We will all be familiar with the Supreme Court’s recent decision in the conjoined appeal of Paul, Polmear and Purchase (PPP). The decision has made it almost impossible for secondary victim claims as a result of medical negligence to be successful.

But what about secondary victim claims generally? Is the outlook as bleak?

This article is designed to give a quick tour of what a secondary victim is, what happened in PPP, and will consider secondary victim claims in the digital age.

Authorities pre-PPP

As a generality, we can class a primary victim as someone who was directly involved in an accident. A secondary victim is someone who witnessed the injury of another, but who was not at risk of physical injury him or herself. 

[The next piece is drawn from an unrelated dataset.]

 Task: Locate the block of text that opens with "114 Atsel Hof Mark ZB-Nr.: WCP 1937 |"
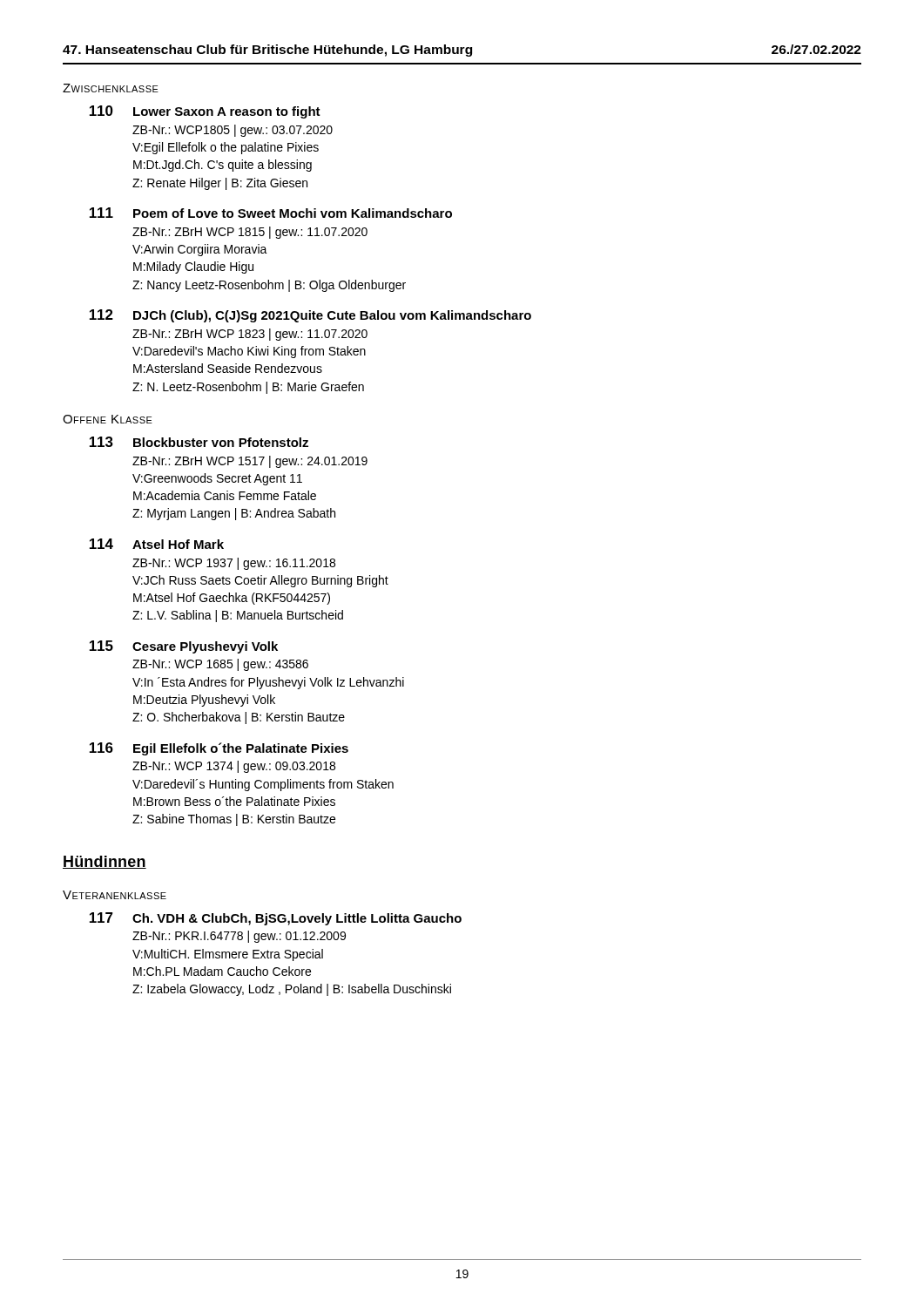[x=157, y=544]

The case of Alcock -v- Chief Constable of South Yorkshire Police 1991, known as the Hillsborough case, sets out five control mechanisms to establish secondary victim status.

In Alcock, the court held there was no duty of care to the friends and relations of those who died in the Hillsborough disaster who watched the event on television.

The Court of Appeal held that to establish a claim for psychiatric illness resulting from shock it was necessary to show that the injury was reasonably foreseeable, and the relationship between the injured person and person making the claim was sufficiently proximate. The claimant had to show “propinquity in time and space” to the accident or its immediate aftermath. In the case of the claimants present at the match, the mere fact of the relationship was insufficient to give rise to a duty of care; and the viewing of the event on television was not equivalent to being within sight and hearing of the event or its immediate aftermath.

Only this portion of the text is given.